▸ **TASK REQUIREMENTS**: Exact reproduction of all the entries is required, without any of their pictures.

----------------------------------------

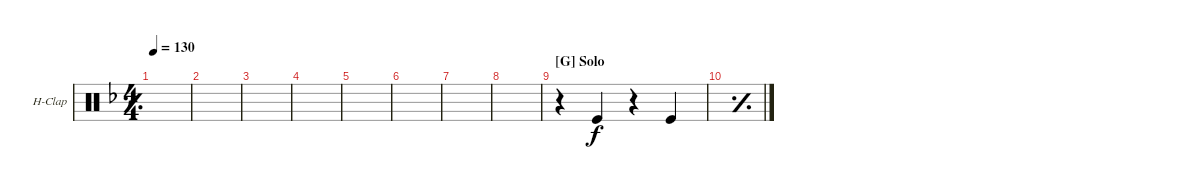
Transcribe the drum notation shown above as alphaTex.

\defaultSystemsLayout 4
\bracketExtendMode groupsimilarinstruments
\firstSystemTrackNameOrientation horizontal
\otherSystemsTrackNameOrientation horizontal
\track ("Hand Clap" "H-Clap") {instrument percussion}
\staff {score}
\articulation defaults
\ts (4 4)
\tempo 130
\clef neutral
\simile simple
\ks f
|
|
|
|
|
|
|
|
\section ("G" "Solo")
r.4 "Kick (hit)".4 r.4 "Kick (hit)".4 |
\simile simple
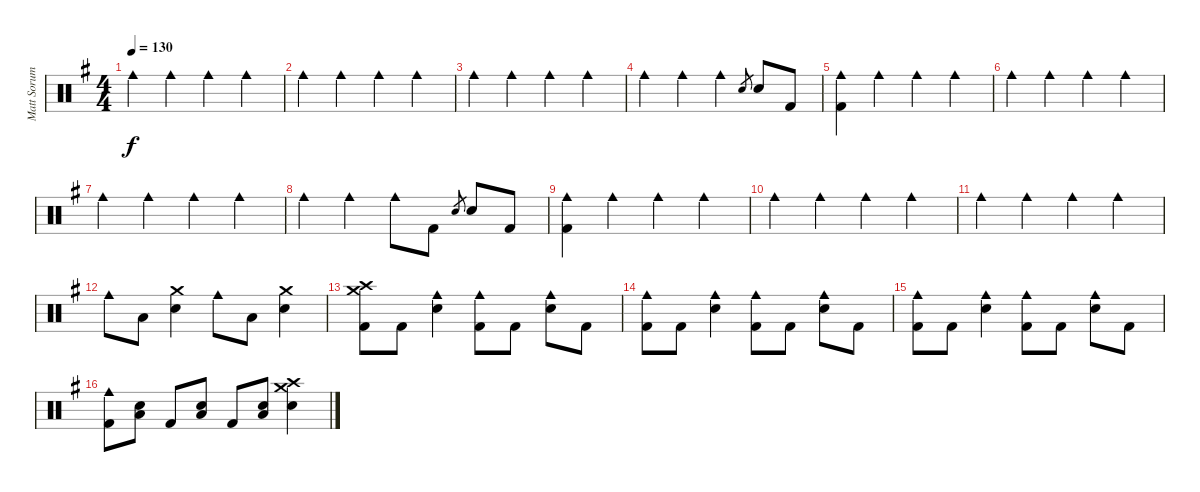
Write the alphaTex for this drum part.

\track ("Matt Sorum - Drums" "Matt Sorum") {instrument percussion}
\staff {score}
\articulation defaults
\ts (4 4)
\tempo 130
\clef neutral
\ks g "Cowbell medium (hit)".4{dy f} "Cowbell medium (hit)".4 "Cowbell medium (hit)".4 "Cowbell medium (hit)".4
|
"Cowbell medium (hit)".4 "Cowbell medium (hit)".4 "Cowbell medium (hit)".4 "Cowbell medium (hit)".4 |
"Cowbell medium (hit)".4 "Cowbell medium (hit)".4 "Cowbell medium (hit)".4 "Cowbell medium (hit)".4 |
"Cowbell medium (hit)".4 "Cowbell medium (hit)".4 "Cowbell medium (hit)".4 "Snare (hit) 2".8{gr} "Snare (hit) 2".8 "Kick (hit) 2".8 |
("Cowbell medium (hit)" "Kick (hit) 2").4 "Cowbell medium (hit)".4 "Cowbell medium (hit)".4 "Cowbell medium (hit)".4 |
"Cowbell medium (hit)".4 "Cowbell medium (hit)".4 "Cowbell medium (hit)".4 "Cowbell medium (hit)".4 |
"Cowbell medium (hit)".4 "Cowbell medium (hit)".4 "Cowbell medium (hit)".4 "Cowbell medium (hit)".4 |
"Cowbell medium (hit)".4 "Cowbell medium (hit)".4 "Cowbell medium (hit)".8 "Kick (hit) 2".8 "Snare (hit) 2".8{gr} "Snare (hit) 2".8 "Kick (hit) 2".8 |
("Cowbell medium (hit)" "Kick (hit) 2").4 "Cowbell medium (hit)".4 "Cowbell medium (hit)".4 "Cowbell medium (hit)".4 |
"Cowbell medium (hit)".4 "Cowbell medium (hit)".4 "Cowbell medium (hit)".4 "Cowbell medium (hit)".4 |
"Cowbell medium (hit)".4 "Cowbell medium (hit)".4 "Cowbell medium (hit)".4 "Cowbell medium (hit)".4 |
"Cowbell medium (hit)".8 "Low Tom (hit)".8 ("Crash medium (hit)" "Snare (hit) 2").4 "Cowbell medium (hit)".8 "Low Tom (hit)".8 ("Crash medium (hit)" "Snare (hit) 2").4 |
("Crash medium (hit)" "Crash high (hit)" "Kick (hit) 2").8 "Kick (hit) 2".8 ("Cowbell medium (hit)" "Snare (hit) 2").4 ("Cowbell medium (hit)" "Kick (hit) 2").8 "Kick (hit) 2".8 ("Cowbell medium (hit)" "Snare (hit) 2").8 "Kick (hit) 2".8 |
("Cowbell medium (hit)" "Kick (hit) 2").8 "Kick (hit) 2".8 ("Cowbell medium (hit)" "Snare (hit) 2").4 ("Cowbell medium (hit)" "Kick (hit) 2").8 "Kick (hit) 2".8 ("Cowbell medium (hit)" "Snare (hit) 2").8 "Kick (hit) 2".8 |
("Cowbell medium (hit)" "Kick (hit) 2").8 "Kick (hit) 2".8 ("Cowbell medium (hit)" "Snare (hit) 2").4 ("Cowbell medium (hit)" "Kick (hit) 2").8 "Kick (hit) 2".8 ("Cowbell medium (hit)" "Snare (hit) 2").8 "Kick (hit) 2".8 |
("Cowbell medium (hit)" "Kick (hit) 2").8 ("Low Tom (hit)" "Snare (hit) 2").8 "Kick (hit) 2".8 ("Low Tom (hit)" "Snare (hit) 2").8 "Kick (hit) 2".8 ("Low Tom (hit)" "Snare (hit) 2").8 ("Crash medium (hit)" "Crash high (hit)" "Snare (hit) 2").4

----------------------------------------

▸ **THE ANSWER**:
Transcribe the drum notation shown above as alphaTex.

\defaultSystemsLayout 4
\bracketExtendMode groupsimilarinstruments
\firstSystemTrackNameOrientation horizontal
\otherSystemsTrackNameOrientation horizontal
\track ("Hand Clap" "H-Clap") {instrument percussion}
\staff {score}
\articulation defaults
\ts (4 4)
\tempo 130
\clef neutral
\simile simple
\ks f
|
|
|
|
|
|
|
|
\section ("G" "Solo")
r.4 "Kick (hit)".4 r.4 "Kick (hit)".4 |
\simile simple
Write the alphaTex for this drum part.

\track ("Matt Sorum - Drums" "Matt Sorum") {instrument percussion}
\staff {score}
\articulation defaults
\ts (4 4)
\tempo 130
\clef neutral
\ks g "Cowbell medium (hit)".4{dy f} "Cowbell medium (hit)".4 "Cowbell medium (hit)".4 "Cowbell medium (hit)".4
|
"Cowbell medium (hit)".4 "Cowbell medium (hit)".4 "Cowbell medium (hit)".4 "Cowbell medium (hit)".4 |
"Cowbell medium (hit)".4 "Cowbell medium (hit)".4 "Cowbell medium (hit)".4 "Cowbell medium (hit)".4 |
"Cowbell medium (hit)".4 "Cowbell medium (hit)".4 "Cowbell medium (hit)".4 "Snare (hit) 2".8{gr} "Snare (hit) 2".8 "Kick (hit) 2".8 |
("Cowbell medium (hit)" "Kick (hit) 2").4 "Cowbell medium (hit)".4 "Cowbell medium (hit)".4 "Cowbell medium (hit)".4 |
"Cowbell medium (hit)".4 "Cowbell medium (hit)".4 "Cowbell medium (hit)".4 "Cowbell medium (hit)".4 |
"Cowbell medium (hit)".4 "Cowbell medium (hit)".4 "Cowbell medium (hit)".4 "Cowbell medium (hit)".4 |
"Cowbell medium (hit)".4 "Cowbell medium (hit)".4 "Cowbell medium (hit)".8 "Kick (hit) 2".8 "Snare (hit) 2".8{gr} "Snare (hit) 2".8 "Kick (hit) 2".8 |
("Cowbell medium (hit)" "Kick (hit) 2").4 "Cowbell medium (hit)".4 "Cowbell medium (hit)".4 "Cowbell medium (hit)".4 |
"Cowbell medium (hit)".4 "Cowbell medium (hit)".4 "Cowbell medium (hit)".4 "Cowbell medium (hit)".4 |
"Cowbell medium (hit)".4 "Cowbell medium (hit)".4 "Cowbell medium (hit)".4 "Cowbell medium (hit)".4 |
"Cowbell medium (hit)".8 "Low Tom (hit)".8 ("Crash medium (hit)" "Snare (hit) 2").4 "Cowbell medium (hit)".8 "Low Tom (hit)".8 ("Crash medium (hit)" "Snare (hit) 2").4 |
("Crash medium (hit)" "Crash high (hit)" "Kick (hit) 2").8 "Kick (hit) 2".8 ("Cowbell medium (hit)" "Snare (hit) 2").4 ("Cowbell medium (hit)" "Kick (hit) 2").8 "Kick (hit) 2".8 ("Cowbell medium (hit)" "Snare (hit) 2").8 "Kick (hit) 2".8 |
("Cowbell medium (hit)" "Kick (hit) 2").8 "Kick (hit) 2".8 ("Cowbell medium (hit)" "Snare (hit) 2").4 ("Cowbell medium (hit)" "Kick (hit) 2").8 "Kick (hit) 2".8 ("Cowbell medium (hit)" "Snare (hit) 2").8 "Kick (hit) 2".8 |
("Cowbell medium (hit)" "Kick (hit) 2").8 "Kick (hit) 2".8 ("Cowbell medium (hit)" "Snare (hit) 2").4 ("Cowbell medium (hit)" "Kick (hit) 2").8 "Kick (hit) 2".8 ("Cowbell medium (hit)" "Snare (hit) 2").8 "Kick (hit) 2".8 |
("Cowbell medium (hit)" "Kick (hit) 2").8 ("Low Tom (hit)" "Snare (hit) 2").8 "Kick (hit) 2".8 ("Low Tom (hit)" "Snare (hit) 2").8 "Kick (hit) 2".8 ("Low Tom (hit)" "Snare (hit) 2").8 ("Crash medium (hit)" "Crash high (hit)" "Snare (hit) 2").4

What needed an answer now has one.